Il a seul, avec les personnes désignées à l’article 57 et celles auxquelles il a
éventuellement recours en application de l’article 60, le droit de prendre connaissance
des papiers, documents ou données informatiques avant de procéder à leur saisie.
Toutefois, il a l’obligation de provoquer préalablement toutes mesures utiles pour
que soit assuré le respect du secret professionnel et des droits de la défense.
(...) »
Article 56-1
« Les perquisitions dans le cabinet d’un avocat ou à son domicile ne peuvent être
effectuées que par un magistrat et en présence du bâtonnier ou de son délégué, à la
suite d’une décision écrite et motivée prise par ce magistrat, qui indique la nature de
l’infraction ou des infractions sur lesquelles portent les investigations, les raisons
justifiant la perquisition et l’objet de celle-ci. Le contenu de cette décision est porté
dès le début de la perquisition à la connaissance du bâtonnier ou de son délégué par le
magistrat. Celui-ci et le bâtonnier ou son délégué ont seuls le droit de consulter ou de
prendre connaissance des documents se trouvant sur les lieux préalablement à leur
éventuelle saisie. Aucune saisie ne peut concerner des documents relatifs à d’autres
infractions que celles mentionnées dans la décision précitée. Les dispositions du
présent alinéa sont édictées à peine de nullité.
Le magistrat qui effectue la perquisition veille à ce que les investigations conduites
ne portent pas atteinte au libre exercice de la profession d’avocat.

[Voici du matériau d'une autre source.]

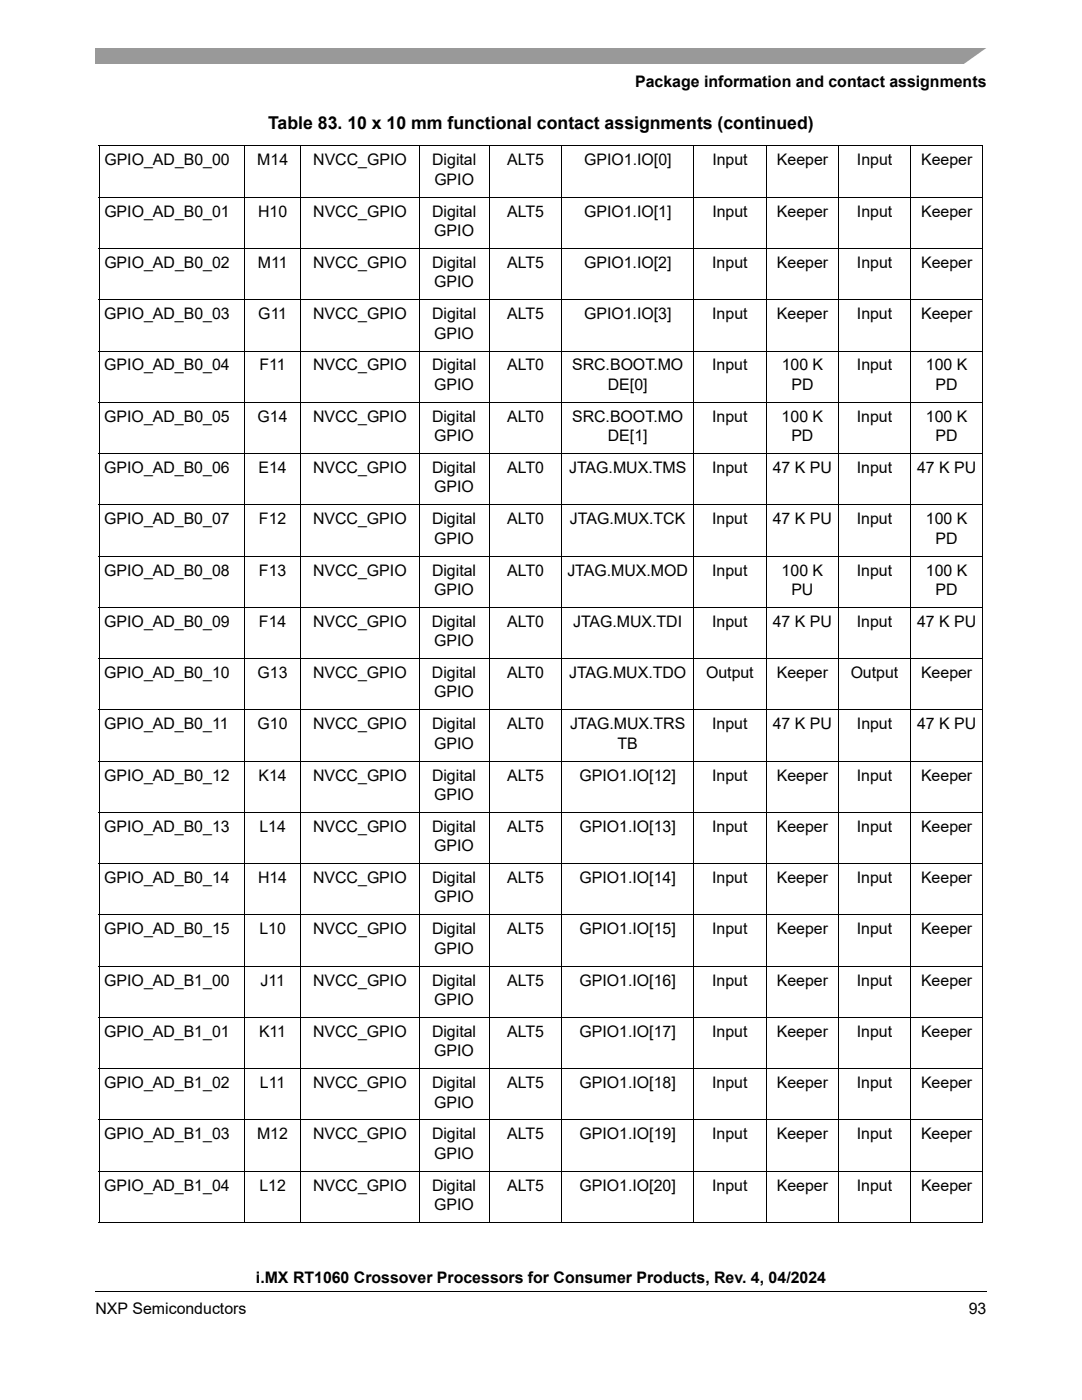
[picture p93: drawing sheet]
<svg xmlns="http://www.w3.org/2000/svg" width="216mm" height="279mm" viewBox="0 0 216 279" stroke-linecap="round" stroke-linejoin="round" font-family="sans-serif">
<defs><g id="words">
<text font-size="3.5" x="53.5" y="25.8">Table 83. 10 x 10 mm functional contact assignments (continued)</text>
<g font-size="3.2">
<text x="126.7" y="17.4">Package information and contact assignments</text>
<text x="20.8" y="33">GPIO_AD_B0_00</text>
<text x="51.3" y="33">M14</text>
<text x="62.5" y="33">NVCC_GPIO</text>
<text x="86.2" y="33">Digital</text>
<text x="101.2" y="33">ALT5</text>
<text x="116.5" y="33">GPIO1.IO[0]</text>
<text x="142.1" y="33">Input</text>
<text x="155" y="33">Keeper</text>
<text x="171" y="33">Input</text>
<text x="183.8" y="33">Keeper</text>
<text x="86.7" y="36.9">GPIO</text>
<text x="20.8" y="43.2">GPIO_AD_B0_01</text>
<text x="51.5" y="43.2">H10</text>
<text x="62.5" y="43.2">NVCC_GPIO</text>
<text x="86.2" y="43.2">Digital</text>
<text x="86.7" y="47.1">GPIO</text>
<text x="101.2" y="43.2">ALT5</text>
<text x="116.5" y="43.2">GPIO1.IO[1]</text>
<text x="142.1" y="43.2">Input</text>
<text x="155" y="43.2">Keeper</text>
<text x="171" y="43.2">Input</text>
<text x="183.8" y="43.2">Keeper</text>
<text x="20.8" y="53.5">GPIO_AD_B0_02</text>
<text x="51.5" y="53.5">M11</text>
<text x="62.5" y="53.5">NVCC_GPIO</text>
<text x="86.2" y="53.5">Digital</text>
<text x="101.2" y="53.5">ALT5</text>
<text x="116.5" y="53.5">GPIO1.IO[2]</text>
<text x="142.1" y="53.5">Input</text>
<text x="155" y="53.5">Keeper</text>
<text x="171" y="53.5">Input</text>
<text x="183.8" y="53.5">Keeper</text>
<text x="86.7" y="57.4">GPIO</text>
<text x="20.8" y="63.7">GPIO_AD_B0_03</text>
<text x="51.5" y="63.7">G11</text>
<text x="62.5" y="63.7">NVCC_GPIO</text>
<text x="86.2" y="63.7">Digital</text>
<text x="101.2" y="63.7">ALT5</text>
<text x="116.5" y="63.7">GPIO1.IO[3]</text>
<text x="142.1" y="63.7">Input</text>
<text x="155" y="63.7">Keeper</text>
<text x="171" y="63.7">Input</text>
<text x="183.8" y="63.7">Keeper</text>
<text x="86.7" y="67.6">GPIO</text>
<text x="20.8" y="73.9">GPIO_AD_B0_04</text>
<text x="51.8" y="73.9">F11</text>
<text x="62.5" y="73.9">NVCC_GPIO</text>
<text x="86.2" y="73.9">Digital</text>
<text x="86.6" y="77.8">GPIO</text>
<text x="101.2" y="73.9">ALT0</text>
<text x="114.2" y="73.9">SRC.BOOT.MO</text>
<text x="121.3" y="77.8">DE[0]</text>
<text x="142.1" y="73.9">Input</text>
<text x="156" y="73.9">100 K</text>
<text x="157.9" y="77.8">PD</text>
<text x="171" y="73.9">Input</text>
<text x="184.8" y="73.9">100 K</text>
<text x="186.7" y="77.8">PD</text>
<text x="20.8" y="84.2">GPIO_AD_B0_05</text>
<text x="51.4" y="84.2">G14</text>
<text x="62.5" y="84.2">NVCC_GPIO</text>
<text x="86.2" y="84.2">Digital</text>
<text x="86.6" y="88">GPIO</text>
<text x="101.2" y="84.2">ALT0</text>
<text x="114.1" y="84.2">SRC.BOOT.MO</text>
<text x="121.3" y="88">DE[1]</text>
<text x="142.1" y="84.2">Input</text>
<text x="156" y="84.2">100 K</text>
<text x="157.9" y="88">PD</text>
<text x="171" y="84.2">Input</text>
<text x="184.8" y="84.2">100 K</text>
<text x="186.7" y="88">PD</text>
<text x="20.8" y="94.4">GPIO_AD_B0_06</text>
<text x="51.6" y="94.4">E14</text>
<text x="62.5" y="94.4">NVCC_GPIO</text>
<text x="86.2" y="94.4">Digital</text>
<text x="101.2" y="94.4">ALT0</text>
<text x="113.6" y="94.4">JTAG.MUX.TMS</text>
<text x="142.1" y="94.4">Input</text>
<text x="154.2" y="94.4">47 K PU</text>
<text x="171" y="94.4">Input</text>
<text x="183" y="94.4">47 K PU</text>
<text x="86.6" y="98.3">GPIO</text>
<text x="20.8" y="104.6">GPIO_AD_B0_07</text>
<text x="51.7" y="104.6">F12</text>
<text x="62.5" y="104.6">NVCC_GPIO</text>
<text x="86.2" y="104.6">Digital</text>
<text x="101.2" y="104.6">ALT0</text>
<text x="113.7" y="104.6">JTAG.MUX.TCK</text>
<text x="142.1" y="104.6">Input</text>
<text x="154.2" y="104.6">47 K PU</text>
<text x="171" y="104.6">Input</text>
<text x="184.8" y="104.6">100 K</text>
<text x="86.6" y="108.5">GPIO</text>
<text x="186.7" y="108.5">PD</text>
<text x="20.8" y="114.9">GPIO_AD_B0_08</text>
<text x="51.7" y="114.9">F13</text>
<text x="62.5" y="114.9">NVCC_GPIO</text>
<text x="86.2" y="114.9">Digital</text>
<text x="86.6" y="118.7">GPIO</text>
<text x="101.2" y="114.9">ALT0</text>
<text x="113.2" y="114.9">JTAG.MUX.MOD</text>
<text x="142.1" y="114.9">Input</text>
<text x="156" y="114.9">100 K</text>
<text x="157.9" y="118.7">PU</text>
<text x="171" y="114.9">Input</text>
<text x="184.8" y="114.9">100 K</text>
<text x="186.7" y="118.7">PD</text>
<text x="20.8" y="125.1">GPIO_AD_B0_09</text>
<text x="51.7" y="125.1">F14</text>
<text x="62.5" y="125.1">NVCC_GPIO</text>
<text x="86.2" y="125.1">Digital</text>
<text x="101.2" y="125.1">ALT0</text>
<text x="114.3" y="125.1">JTAG.MUX.TDI</text>
<text x="142.1" y="125.1">Input</text>
<text x="154.2" y="125.1">47 K PU</text>
<text x="171" y="125.1">Input</text>
<text x="183" y="125.1">47 K PU</text>
<text x="86.6" y="129">GPIO</text>
<text x="20.8" y="135.3">GPIO_AD_B0_10</text>
<text x="51.4" y="135.3">G13</text>
<text x="62.5" y="135.3">NVCC_GPIO</text>
<text x="86.2" y="135.3">Digital</text>
<text x="101.2" y="135.3">ALT0</text>
<text x="113.6" y="135.3">JTAG.MUX.TDO</text>
<text x="140.9" y="135.3">Output</text>
<text x="155" y="135.3">Keeper</text>
<text x="169.7" y="135.3">Output</text>
<text x="183.8" y="135.3">Keeper</text>
<text x="86.6" y="139.2">GPIO</text>
<text x="20.8" y="145.5">GPIO_AD_B0_11</text>
<text x="51.4" y="145.5">G10</text>
<text x="62.5" y="145.5">NVCC_GPIO</text>
<text x="86.2" y="145.5">Digital</text>
<text x="86.6" y="149.4">GPIO</text>
<text x="101.2" y="145.5">ALT0</text>
<text x="113.7" y="145.5">JTAG.MUX.TRS</text>
<text x="123.2" y="149.4">TB</text>
<text x="142.1" y="145.5">Input</text>
<text x="154.2" y="145.5">47 K PU</text>
<text x="171" y="145.5">Input</text>
<text x="183" y="145.5">47 K PU</text>
<text x="20.8" y="155.8">GPIO_AD_B0_12</text>
<text x="51.6" y="155.8">K14</text>
<text x="62.5" y="155.8">NVCC_GPIO</text>
<text x="86.2" y="155.8">Digital</text>
<text x="101.2" y="155.8">ALT5</text>
<text x="115.6" y="155.8">GPIO1.IO[12]</text>
<text x="142.1" y="155.8">Input</text>
<text x="155" y="155.8">Keeper</text>
<text x="171" y="155.8">Input</text>
<text x="183.8" y="155.8">Keeper</text>
<text x="86.6" y="159.7">GPIO</text>
<text x="20.8" y="166">GPIO_AD_B0_13</text>
<text x="51.8" y="166">L14</text>
<text x="62.5" y="166">NVCC_GPIO</text>
<text x="86.2" y="166">Digital</text>
<text x="101.2" y="166">ALT5</text>
<text x="115.6" y="166">GPIO1.IO[13]</text>
<text x="142.1" y="166">Input</text>
<text x="155" y="166">Keeper</text>
<text x="171" y="166">Input</text>
<text x="183.8" y="166">Keeper</text>
<text x="86.6" y="169.9">GPIO</text>
<text x="20.8" y="176.2">GPIO_AD_B0_14</text>
<text x="51.5" y="176.2">H14</text>
<text x="62.5" y="176.2">NVCC_GPIO</text>
<text x="86.2" y="176.2">Digital</text>
<text x="101.2" y="176.2">ALT5</text>
<text x="115.6" y="176.2">GPIO1.IO[14]</text>
<text x="142.1" y="176.2">Input</text>
<text x="155" y="176.2">Keeper</text>
<text x="171" y="176.2">Input</text>
<text x="183.8" y="176.2">Keeper</text>
<text x="86.6" y="180.1">GPIO</text>
<text x="20.8" y="186.5">GPIO_AD_B0_15</text>
<text x="51.8" y="186.5">L10</text>
<text x="62.5" y="186.5">NVCC_GPIO</text>
<text x="86.2" y="186.5">Digital</text>
<text x="86.6" y="190.3">GPIO</text>
<text x="101.2" y="186.5">ALT5</text>
<text x="115.6" y="186.5">GPIO1.IO[15]</text>
<text x="142.1" y="186.5">Input</text>
<text x="155" y="186.5">Keeper</text>
<text x="171" y="186.5">Input</text>
<text x="183.8" y="186.5">Keeper</text>
<text x="20.8" y="196.7">GPIO_AD_B1_00</text>
<text x="52" y="196.7">J11</text>
<text x="62.5" y="196.7">NVCC_GPIO</text>
<text x="86.2" y="196.7">Digital</text>
<text x="101.2" y="196.7">ALT5</text>
<text x="115.6" y="196.7">GPIO1.IO[16]</text>
<text x="142.1" y="196.7">Input</text>
<text x="155" y="196.7">Keeper</text>
<text x="171" y="196.7">Input</text>
<text x="183.8" y="196.7">Keeper</text>
<text x="86.6" y="200.6">GPIO</text>
<text x="20.8" y="206.9">GPIO_AD_B1_01</text>
<text x="51.7" y="206.9">K11</text>
<text x="62.5" y="206.9">NVCC_GPIO</text>
<text x="86.2" y="206.9">Digital</text>
<text x="101.2" y="206.9">ALT5</text>
<text x="115.6" y="206.9">GPIO1.IO[17]</text>
<text x="142.1" y="206.9">Input</text>
<text x="155" y="206.9">Keeper</text>
<text x="171" y="206.9">Input</text>
<text x="183.8" y="206.9">Keeper</text>
<text x="86.6" y="210.8">GPIO</text>
<text x="20.8" y="217.2">GPIO_AD_B1_02</text>
<text x="51.9" y="217.2">L11</text>
<text x="62.5" y="217.2">NVCC_GPIO</text>
<text x="86.2" y="217.2">Digital</text>
<text x="86.6" y="221">GPIO</text>
<text x="101.2" y="217.2">ALT5</text>
<text x="115.6" y="217.2">GPIO1.IO[18]</text>
<text x="142.1" y="217.2">Input</text>
<text x="155" y="217.2">Keeper</text>
<text x="171" y="217.2">Input</text>
<text x="183.8" y="217.2">Keeper</text>
<text x="20.8" y="227.4">GPIO_AD_B1_03</text>
<text x="51.3" y="227.4">M12</text>
<text x="62.5" y="227.4">NVCC_GPIO</text>
<text x="86.2" y="227.4">Digital</text>
<text x="101.2" y="227.4">ALT5</text>
<text x="115.6" y="227.4">GPIO1.IO[19]</text>
<text x="142.1" y="227.4">Input</text>
<text x="155" y="227.4">Keeper</text>
<text x="171" y="227.4">Input</text>
<text x="183.8" y="227.4">Keeper</text>
<text x="86.6" y="231.3">GPIO</text>
<text x="20.8" y="237.6">GPIO_AD_B1_04</text>
<text x="51.8" y="237.6">L12</text>
<text x="62.5" y="237.6">NVCC_GPIO</text>
<text x="86.2" y="237.6">Digital</text>
<text x="101.2" y="237.6">ALT5</text>
<text x="115.6" y="237.6">GPIO1.IO[20]</text>
<text x="142.1" y="237.6">Input</text>
<text x="155" y="237.6">Keeper</text>
<text x="171" y="237.6">Input</text>
<text x="183.8" y="237.6">Keeper</text>
<text x="86.6" y="241.5">GPIO</text>
<text x="51.1" y="256.1">i.MX RT1060 Crossover Processors for Consumer Products, Rev. 4, 04/2024</text>
<text x="19" y="262.3">NXP Semiconductors</text>
<text x="193.3" y="262.3">93</text>
</g>
</g></defs>
<path d="M19 257.7v.2zM196.8 257.7l.1 .2z" fill="#000"/>
<path d="M19 257.8h177.8" fill="none" stroke="#000" stroke-width=".2"/>
<path d="M19 9.5h177.8v3.2h-177.8z" fill="#999"/>
<path d="M192 13l5.3-3.8h1.4v3.8z" fill-rule="evenodd" fill="#fff"/>
<g fill="none" stroke="#000" stroke-width=".2">
<path d="M19.7 29.1h176.5M19.7 39.4h176.5M19.8 29.2v214.7M48.8 29v215.1M60 29v215.1M83.6 29v215.1M97.6 29v215.1M112.1 29v215.1M138.4 29v215.1M152.9 29v215.1M167.3 29v215.1M181.7 29v215.1"/>
<path d="M196.1 29.2v214.7M19.7 49.6h176.5M19.7 59.8h176.5M19.7 70.1h176.5M19.7 80.3h176.5M19.7 90.5h176.5M19.7 100.8h176.5M19.7 111h176.5M19.7 121.2h176.5M19.7 131.4h176.5M19.7 141.7h176.5M19.7 151.9h176.5"/>
<path d="M19.7 162.1h176.5M19.7 172.4h176.5M19.7 182.6h176.5M19.7 192.8h176.5M19.7 203h176.5M19.7 213.3h176.5M19.7 223.5h176.5M19.7 233.8h176.5M19.7 244h176.5"/>
</g>
<use href="#words"/>
</svg>

Le bâtonnier ou son délégué peut s’opposer à la saisie d’un document à laquelle le
magistrat a l’intention de procéder s’il estime que cette saisie serait irrégulière. Le
document doit alors être placé sous scellé fermé. Ces opérations font l’objet d’un
procès-verbal mentionnant les objections du bâtonnier ou de son délégué, qui n’est
pas joint au dossier de la procédure. Si d’autres documents ont été saisis au cours de la
perquisition sans soulever de contestation, ce procès-verbal est distinct de celui prévu
par l’article 57. Ce procès-verbal ainsi que le document placé sous scellé fermé sont
transmis sans délai au juge des libertés et de la détention, avec l’original ou une copie
du dossier de la procédure.
Dans les cinq jours de la réception de ces pièces, le juge des libertés et de la
détention statue sur la contestation par ordonnance motivée non susceptible de
recours.
A cette fin, il entend le magistrat qui a procédé à la perquisition et, le cas échéant, le
procureur de la République, ainsi que l’avocat au cabinet ou au domicile duquel elle a
été effectuée et le bâtonnier ou son délégué. Il peut ouvrir le scellé en présence de ces
personnes.
S’il estime qu’il n’y a pas lieu à saisir le document, le juge des libertés et de la
détention ordonne sa restitution immédiate, ainsi que la destruction du procès-verbal
des opérations et, le cas échéant, la cancellation de toute référence à ce document ou à
son contenu qui figurerait dans le dossier de la procédure.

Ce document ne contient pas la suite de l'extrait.